Puissant, maniable et manœuvrant, disposant aussi d’un armement conséquent, l’appareil, par sa configuration en tandem et son immense verrière, offrait des atouts considérables pour ces missions civiles. En outre, les Bronco sont équipés de série d’un fumigène leur permettant de marquer l’endroit survolé, un dispositif depuis largement adopté pour les missions feu de forêt. Pour le BLM, les sièges éjectables ont été neutralisés et l’armement déposé.

Un des Bronco du BLM à l’entraînement avec un C-130E MAFFS du 146th AW en mai 1996. (Photo : René J. Francillon)

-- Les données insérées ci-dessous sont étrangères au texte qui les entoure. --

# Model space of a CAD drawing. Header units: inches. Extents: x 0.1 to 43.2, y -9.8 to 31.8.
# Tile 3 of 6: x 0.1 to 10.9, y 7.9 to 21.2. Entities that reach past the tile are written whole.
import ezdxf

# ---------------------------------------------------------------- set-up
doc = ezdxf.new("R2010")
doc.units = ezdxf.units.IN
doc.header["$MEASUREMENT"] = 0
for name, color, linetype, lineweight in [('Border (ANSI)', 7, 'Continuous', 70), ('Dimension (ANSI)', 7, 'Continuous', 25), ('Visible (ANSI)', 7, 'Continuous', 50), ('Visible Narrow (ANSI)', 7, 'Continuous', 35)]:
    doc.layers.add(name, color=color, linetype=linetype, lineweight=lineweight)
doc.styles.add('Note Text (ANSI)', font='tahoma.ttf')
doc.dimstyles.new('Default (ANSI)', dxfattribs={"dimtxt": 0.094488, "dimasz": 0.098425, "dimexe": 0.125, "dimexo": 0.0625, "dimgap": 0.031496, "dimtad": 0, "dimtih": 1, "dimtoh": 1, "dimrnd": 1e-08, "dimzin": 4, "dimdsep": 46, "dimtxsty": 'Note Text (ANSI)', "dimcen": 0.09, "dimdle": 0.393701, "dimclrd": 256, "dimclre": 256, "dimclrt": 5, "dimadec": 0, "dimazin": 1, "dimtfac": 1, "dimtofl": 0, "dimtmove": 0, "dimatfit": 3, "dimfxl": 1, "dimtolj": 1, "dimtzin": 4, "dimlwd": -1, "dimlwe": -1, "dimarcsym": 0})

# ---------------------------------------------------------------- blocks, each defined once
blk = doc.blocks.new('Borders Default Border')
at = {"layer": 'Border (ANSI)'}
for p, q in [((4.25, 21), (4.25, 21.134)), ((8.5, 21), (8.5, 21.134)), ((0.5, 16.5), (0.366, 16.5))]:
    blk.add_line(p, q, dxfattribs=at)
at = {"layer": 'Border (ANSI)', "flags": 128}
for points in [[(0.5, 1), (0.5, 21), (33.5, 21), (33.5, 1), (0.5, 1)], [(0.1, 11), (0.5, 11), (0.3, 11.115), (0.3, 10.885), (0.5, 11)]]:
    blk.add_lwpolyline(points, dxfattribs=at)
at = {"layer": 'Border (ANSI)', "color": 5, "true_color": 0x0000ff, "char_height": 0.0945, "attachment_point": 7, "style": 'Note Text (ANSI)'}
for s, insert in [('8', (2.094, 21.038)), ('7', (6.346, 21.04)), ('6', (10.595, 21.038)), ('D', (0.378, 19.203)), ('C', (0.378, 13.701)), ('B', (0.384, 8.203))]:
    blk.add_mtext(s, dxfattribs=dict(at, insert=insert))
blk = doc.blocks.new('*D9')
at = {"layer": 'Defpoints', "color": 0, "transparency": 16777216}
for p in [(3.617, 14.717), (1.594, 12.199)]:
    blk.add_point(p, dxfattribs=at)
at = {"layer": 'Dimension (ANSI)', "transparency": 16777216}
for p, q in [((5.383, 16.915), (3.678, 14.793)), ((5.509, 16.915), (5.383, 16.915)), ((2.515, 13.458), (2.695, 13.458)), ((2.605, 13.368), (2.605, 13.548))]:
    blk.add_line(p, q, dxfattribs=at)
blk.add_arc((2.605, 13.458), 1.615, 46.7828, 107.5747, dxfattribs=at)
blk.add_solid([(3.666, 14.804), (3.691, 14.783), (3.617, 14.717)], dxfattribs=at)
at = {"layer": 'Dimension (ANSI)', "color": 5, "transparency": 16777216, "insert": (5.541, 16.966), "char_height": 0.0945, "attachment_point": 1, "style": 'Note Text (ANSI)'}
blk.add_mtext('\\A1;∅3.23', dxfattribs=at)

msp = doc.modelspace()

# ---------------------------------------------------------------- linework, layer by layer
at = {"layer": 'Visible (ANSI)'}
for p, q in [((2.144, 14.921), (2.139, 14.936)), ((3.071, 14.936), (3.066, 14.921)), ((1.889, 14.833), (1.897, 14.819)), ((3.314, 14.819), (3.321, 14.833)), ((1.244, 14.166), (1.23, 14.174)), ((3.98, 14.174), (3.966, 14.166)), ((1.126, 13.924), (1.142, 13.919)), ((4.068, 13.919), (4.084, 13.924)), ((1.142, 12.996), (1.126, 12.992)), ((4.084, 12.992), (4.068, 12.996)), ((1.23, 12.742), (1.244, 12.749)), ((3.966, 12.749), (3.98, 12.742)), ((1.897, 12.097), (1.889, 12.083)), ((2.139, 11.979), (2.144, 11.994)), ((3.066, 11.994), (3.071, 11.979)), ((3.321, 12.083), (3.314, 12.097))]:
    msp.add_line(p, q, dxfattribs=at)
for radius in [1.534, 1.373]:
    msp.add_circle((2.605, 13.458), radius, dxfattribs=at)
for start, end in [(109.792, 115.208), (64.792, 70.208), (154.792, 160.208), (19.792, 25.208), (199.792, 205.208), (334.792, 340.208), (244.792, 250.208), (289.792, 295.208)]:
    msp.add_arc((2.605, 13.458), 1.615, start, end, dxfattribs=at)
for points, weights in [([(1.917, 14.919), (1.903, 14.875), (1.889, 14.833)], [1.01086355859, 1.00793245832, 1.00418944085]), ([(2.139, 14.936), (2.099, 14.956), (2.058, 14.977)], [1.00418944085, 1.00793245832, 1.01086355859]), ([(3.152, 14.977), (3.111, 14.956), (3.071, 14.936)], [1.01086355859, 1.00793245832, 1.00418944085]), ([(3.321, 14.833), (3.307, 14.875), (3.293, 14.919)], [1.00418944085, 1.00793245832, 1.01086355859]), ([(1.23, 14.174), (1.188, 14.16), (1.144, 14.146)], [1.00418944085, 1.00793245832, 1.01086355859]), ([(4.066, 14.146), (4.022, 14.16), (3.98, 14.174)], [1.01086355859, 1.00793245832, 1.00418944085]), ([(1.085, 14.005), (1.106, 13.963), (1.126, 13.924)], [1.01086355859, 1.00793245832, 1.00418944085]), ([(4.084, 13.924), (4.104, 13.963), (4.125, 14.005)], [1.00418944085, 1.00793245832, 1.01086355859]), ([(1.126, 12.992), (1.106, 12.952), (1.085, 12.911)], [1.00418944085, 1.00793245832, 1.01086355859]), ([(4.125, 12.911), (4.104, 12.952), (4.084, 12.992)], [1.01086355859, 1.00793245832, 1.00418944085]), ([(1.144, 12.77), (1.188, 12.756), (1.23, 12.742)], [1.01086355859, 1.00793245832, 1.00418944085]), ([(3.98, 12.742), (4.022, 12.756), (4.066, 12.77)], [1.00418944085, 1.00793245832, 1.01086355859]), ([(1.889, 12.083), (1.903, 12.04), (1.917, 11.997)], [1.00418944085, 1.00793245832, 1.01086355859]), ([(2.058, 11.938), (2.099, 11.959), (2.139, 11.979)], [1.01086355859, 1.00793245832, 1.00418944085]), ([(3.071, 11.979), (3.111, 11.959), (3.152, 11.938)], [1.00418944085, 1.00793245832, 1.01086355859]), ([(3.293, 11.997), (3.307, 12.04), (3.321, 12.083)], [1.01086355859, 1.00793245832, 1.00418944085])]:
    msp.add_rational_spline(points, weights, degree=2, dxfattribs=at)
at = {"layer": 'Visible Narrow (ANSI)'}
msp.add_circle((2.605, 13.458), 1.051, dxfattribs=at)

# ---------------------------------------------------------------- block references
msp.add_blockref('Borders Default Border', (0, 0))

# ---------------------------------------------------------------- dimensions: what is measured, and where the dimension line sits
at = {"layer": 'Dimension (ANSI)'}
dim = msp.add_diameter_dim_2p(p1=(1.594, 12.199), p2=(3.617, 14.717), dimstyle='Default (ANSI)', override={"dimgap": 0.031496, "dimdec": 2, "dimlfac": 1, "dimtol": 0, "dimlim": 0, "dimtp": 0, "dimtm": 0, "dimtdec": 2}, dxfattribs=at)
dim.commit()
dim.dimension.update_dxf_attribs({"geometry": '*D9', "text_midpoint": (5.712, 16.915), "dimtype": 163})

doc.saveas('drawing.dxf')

Le BLM exploita donc ces avions pour des missions Lead Plane pendant quelque saisons. Un appareil est détruit le 10 juin 1997. En 1999, essentiellement pour des raisons politiques, le programme est annulé mais les avions sont transférés au CDF où d’autres Bronco commencent à remplacer les Cessna O-2 Skymaster. Les 6 avions du BLM servent principalement de stock de pièces détachées mais l’un d’eux est préservé dans un musée néanmoins revêtu à nouveau d’une livrée militaire.

En Californie

Au cours des années 70, le California Department of Forestry  (CDF) finit par créer sa propre flotte d’avions de lutte anti-incendie après avoir longtemps fait appel à des sociétés sous contrat. Pour épauler ses avions, des Grumman Tracker, des Cessna O-2 Skymaster, prédécesseurs de l’OV-10 Bronco pour les missions FAC au Vietnam, sont alors exploités.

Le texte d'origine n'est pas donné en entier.